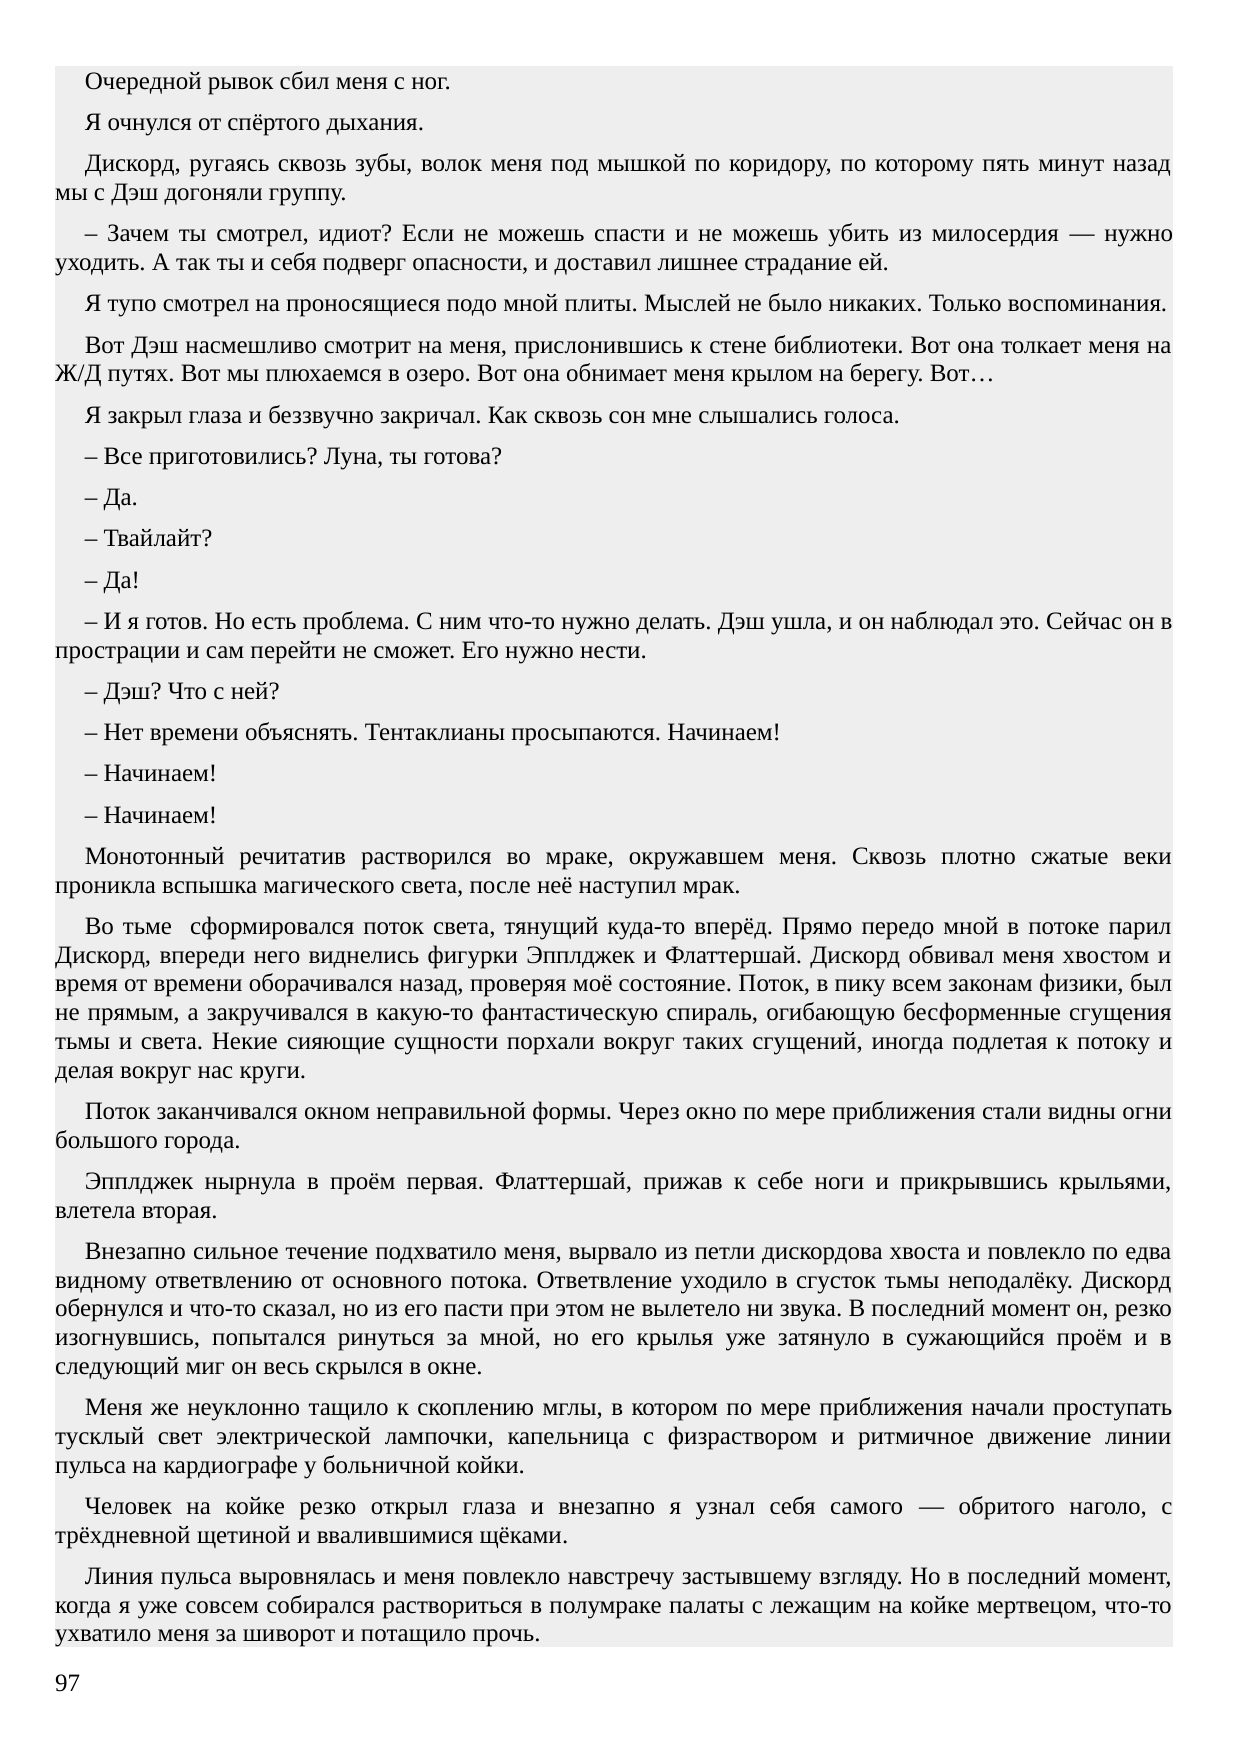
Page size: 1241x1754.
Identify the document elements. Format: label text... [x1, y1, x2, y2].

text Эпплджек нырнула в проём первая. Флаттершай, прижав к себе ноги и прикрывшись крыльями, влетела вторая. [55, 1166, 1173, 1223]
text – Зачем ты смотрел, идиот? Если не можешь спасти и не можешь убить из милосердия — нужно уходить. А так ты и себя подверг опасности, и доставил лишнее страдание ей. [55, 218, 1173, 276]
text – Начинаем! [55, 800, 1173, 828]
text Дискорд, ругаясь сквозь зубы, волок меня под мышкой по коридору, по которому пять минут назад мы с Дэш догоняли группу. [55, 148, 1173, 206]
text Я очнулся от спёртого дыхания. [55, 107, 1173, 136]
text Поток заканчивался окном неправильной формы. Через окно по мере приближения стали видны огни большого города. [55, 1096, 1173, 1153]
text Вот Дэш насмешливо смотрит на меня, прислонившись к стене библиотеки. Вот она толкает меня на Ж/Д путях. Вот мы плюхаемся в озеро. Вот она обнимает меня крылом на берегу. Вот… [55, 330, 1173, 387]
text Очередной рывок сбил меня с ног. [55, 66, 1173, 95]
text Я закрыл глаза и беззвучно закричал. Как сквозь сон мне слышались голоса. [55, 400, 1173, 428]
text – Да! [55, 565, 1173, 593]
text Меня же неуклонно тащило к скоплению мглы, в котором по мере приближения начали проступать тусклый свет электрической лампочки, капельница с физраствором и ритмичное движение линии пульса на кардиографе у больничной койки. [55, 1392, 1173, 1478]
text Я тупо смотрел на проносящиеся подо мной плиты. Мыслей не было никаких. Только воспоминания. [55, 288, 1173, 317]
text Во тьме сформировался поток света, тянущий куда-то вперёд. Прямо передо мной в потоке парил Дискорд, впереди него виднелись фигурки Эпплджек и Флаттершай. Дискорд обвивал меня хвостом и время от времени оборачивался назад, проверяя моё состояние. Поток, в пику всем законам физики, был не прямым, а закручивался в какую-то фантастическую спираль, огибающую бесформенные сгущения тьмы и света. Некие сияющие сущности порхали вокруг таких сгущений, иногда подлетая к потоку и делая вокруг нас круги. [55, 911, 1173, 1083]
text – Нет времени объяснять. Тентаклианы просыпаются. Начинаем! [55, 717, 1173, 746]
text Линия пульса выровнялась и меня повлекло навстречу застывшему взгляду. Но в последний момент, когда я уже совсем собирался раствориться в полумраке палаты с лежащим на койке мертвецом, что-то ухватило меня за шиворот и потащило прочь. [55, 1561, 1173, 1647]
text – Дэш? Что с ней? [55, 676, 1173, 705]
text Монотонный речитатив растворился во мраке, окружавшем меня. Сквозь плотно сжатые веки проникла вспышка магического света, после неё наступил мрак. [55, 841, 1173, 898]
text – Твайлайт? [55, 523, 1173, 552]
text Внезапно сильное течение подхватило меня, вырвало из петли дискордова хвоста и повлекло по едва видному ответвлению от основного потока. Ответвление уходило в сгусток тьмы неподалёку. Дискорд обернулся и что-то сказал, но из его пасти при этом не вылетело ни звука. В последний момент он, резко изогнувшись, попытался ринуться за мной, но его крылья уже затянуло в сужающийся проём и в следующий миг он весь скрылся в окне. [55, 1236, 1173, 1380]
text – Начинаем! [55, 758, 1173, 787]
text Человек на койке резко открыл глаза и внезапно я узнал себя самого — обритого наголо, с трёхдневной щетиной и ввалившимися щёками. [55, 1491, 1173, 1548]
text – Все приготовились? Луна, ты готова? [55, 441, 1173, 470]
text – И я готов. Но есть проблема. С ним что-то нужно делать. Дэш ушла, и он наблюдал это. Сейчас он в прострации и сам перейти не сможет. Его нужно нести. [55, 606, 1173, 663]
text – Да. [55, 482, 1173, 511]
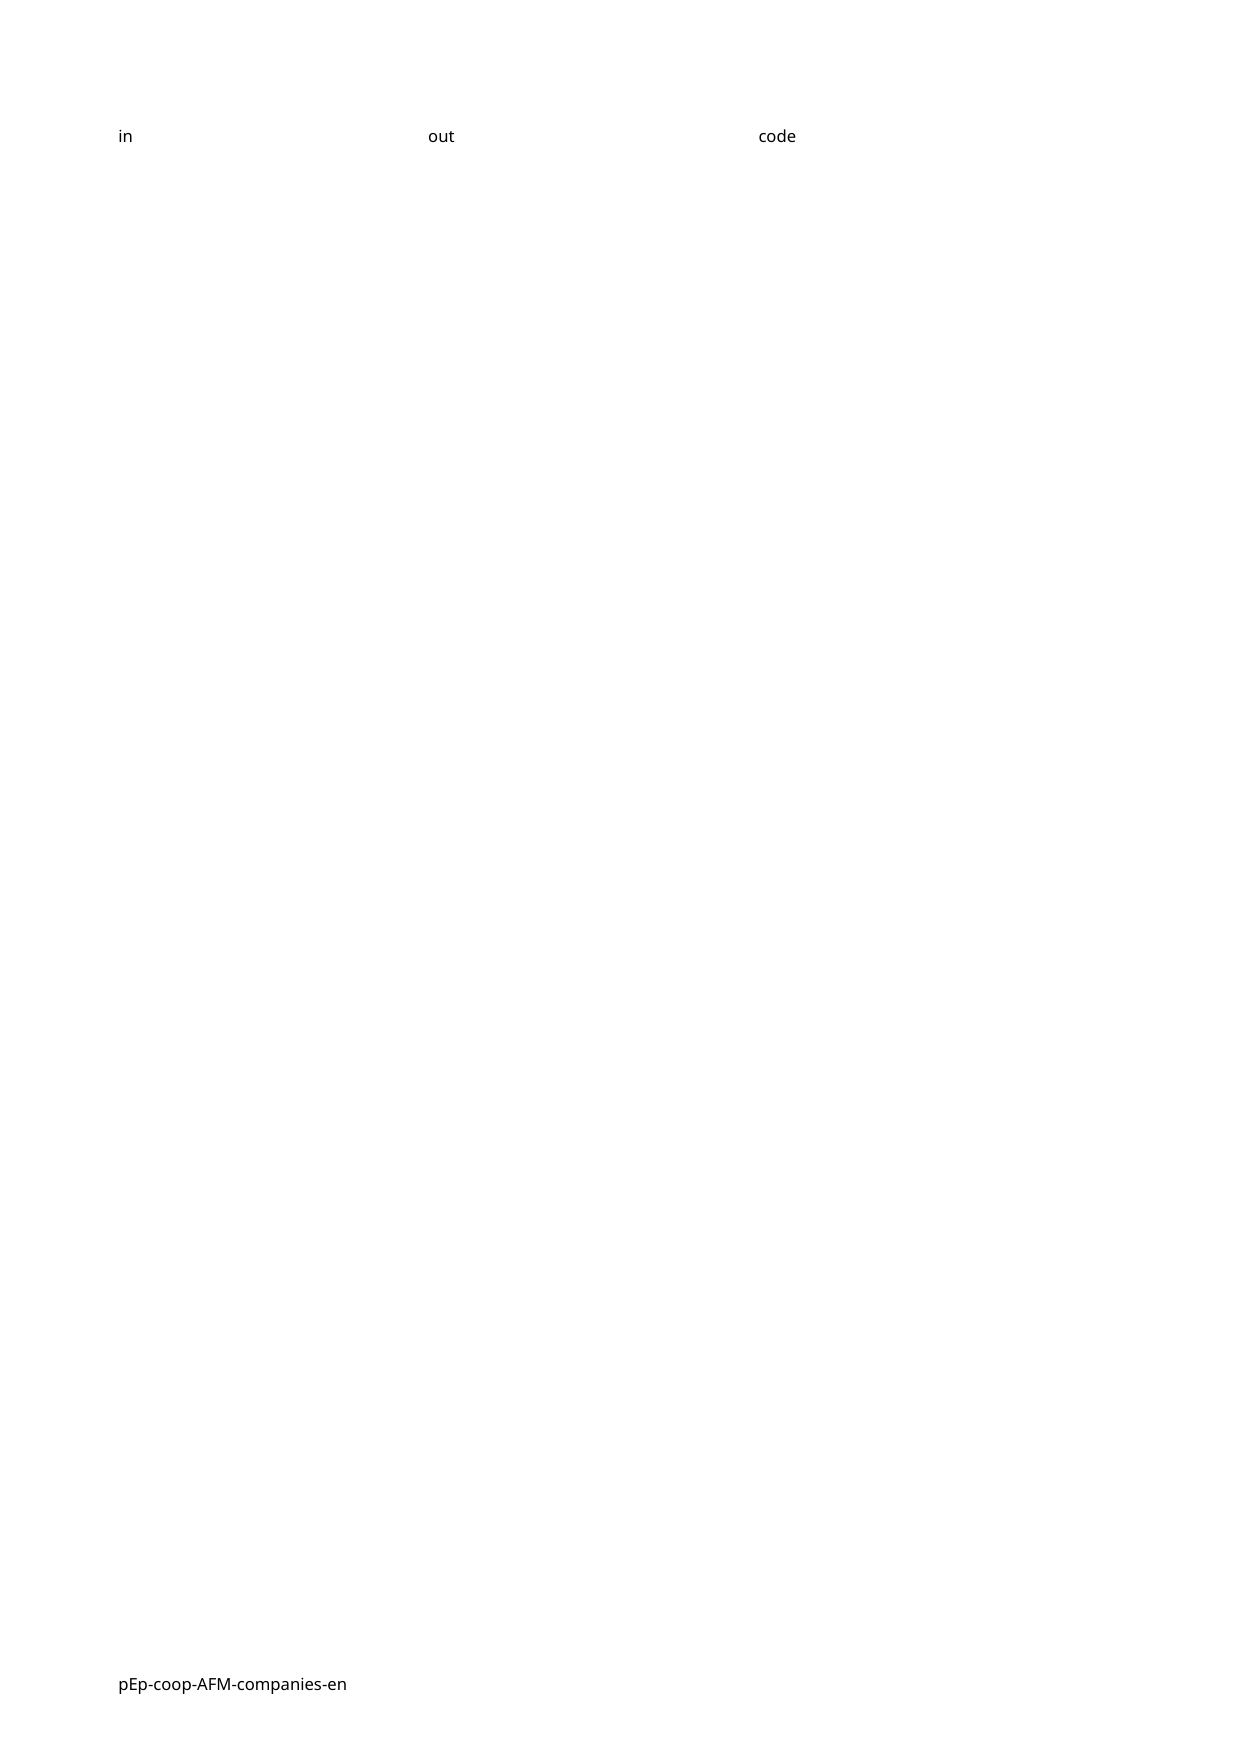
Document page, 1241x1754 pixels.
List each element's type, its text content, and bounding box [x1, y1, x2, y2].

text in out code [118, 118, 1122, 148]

####################

- _TASK REQUIREMENTS_
Would you copy out every entry above word for word, without the pictures?

- _TASK SOLUTION_
Page size: 1241x1754.
Identify the document elements. Format: label text... [x1, y1, x2, y2].

text Эпплджек нырнула в проём первая. Флаттершай, прижав к себе ноги и прикрывшись крыльями, влетела вторая. [55, 1166, 1173, 1223]
text – Зачем ты смотрел, идиот? Если не можешь спасти и не можешь убить из милосердия — нужно уходить. А так ты и себя подверг опасности, и доставил лишнее страдание ей. [55, 218, 1173, 276]
text – Начинаем! [55, 800, 1173, 828]
text Дискорд, ругаясь сквозь зубы, волок меня под мышкой по коридору, по которому пять минут назад мы с Дэш догоняли группу. [55, 148, 1173, 206]
text Я очнулся от спёртого дыхания. [55, 107, 1173, 136]
text Поток заканчивался окном неправильной формы. Через окно по мере приближения стали видны огни большого города. [55, 1096, 1173, 1153]
text Вот Дэш насмешливо смотрит на меня, прислонившись к стене библиотеки. Вот она толкает меня на Ж/Д путях. Вот мы плюхаемся в озеро. Вот она обнимает меня крылом на берегу. Вот… [55, 330, 1173, 387]
text Очередной рывок сбил меня с ног. [55, 66, 1173, 95]
text Я закрыл глаза и беззвучно закричал. Как сквозь сон мне слышались голоса. [55, 400, 1173, 428]
text – Да! [55, 565, 1173, 593]
text Меня же неуклонно тащило к скоплению мглы, в котором по мере приближения начали проступать тусклый свет электрической лампочки, капельница с физраствором и ритмичное движение линии пульса на кардиографе у больничной койки. [55, 1392, 1173, 1478]
text Я тупо смотрел на проносящиеся подо мной плиты. Мыслей не было никаких. Только воспоминания. [55, 288, 1173, 317]
text Во тьме сформировался поток света, тянущий куда-то вперёд. Прямо передо мной в потоке парил Дискорд, впереди него виднелись фигурки Эпплджек и Флаттершай. Дискорд обвивал меня хвостом и время от времени оборачивался назад, проверяя моё состояние. Поток, в пику всем законам физики, был не прямым, а закручивался в какую-то фантастическую спираль, огибающую бесформенные сгущения тьмы и света. Некие сияющие сущности порхали вокруг таких сгущений, иногда подлетая к потоку и делая вокруг нас круги. [55, 911, 1173, 1083]
text – Нет времени объяснять. Тентаклианы просыпаются. Начинаем! [55, 717, 1173, 746]
text Линия пульса выровнялась и меня повлекло навстречу застывшему взгляду. Но в последний момент, когда я уже совсем собирался раствориться в полумраке палаты с лежащим на койке мертвецом, что-то ухватило меня за шиворот и потащило прочь. [55, 1561, 1173, 1647]
text – Дэш? Что с ней? [55, 676, 1173, 705]
text Монотонный речитатив растворился во мраке, окружавшем меня. Сквозь плотно сжатые веки проникла вспышка магического света, после неё наступил мрак. [55, 841, 1173, 898]
text – Твайлайт? [55, 523, 1173, 552]
text Внезапно сильное течение подхватило меня, вырвало из петли дискордова хвоста и повлекло по едва видному ответвлению от основного потока. Ответвление уходило в сгусток тьмы неподалёку. Дискорд обернулся и что-то сказал, но из его пасти при этом не вылетело ни звука. В последний момент он, резко изогнувшись, попытался ринуться за мной, но его крылья уже затянуло в сужающийся проём и в следующий миг он весь скрылся в окне. [55, 1236, 1173, 1380]
text – Начинаем! [55, 758, 1173, 787]
text Человек на койке резко открыл глаза и внезапно я узнал себя самого — обритого наголо, с трёхдневной щетиной и ввалившимися щёками. [55, 1491, 1173, 1548]
text – Все приготовились? Луна, ты готова? [55, 441, 1173, 470]
text – И я готов. Но есть проблема. С ним что-то нужно делать. Дэш ушла, и он наблюдал это. Сейчас он в прострации и сам перейти не сможет. Его нужно нести. [55, 606, 1173, 663]
text – Да. [55, 482, 1173, 511]
Document page, 1241x1754 pixels.
List each element's type, its text content, and bounding box [x1, y1, x2, y2].

text in out code [118, 118, 1122, 148]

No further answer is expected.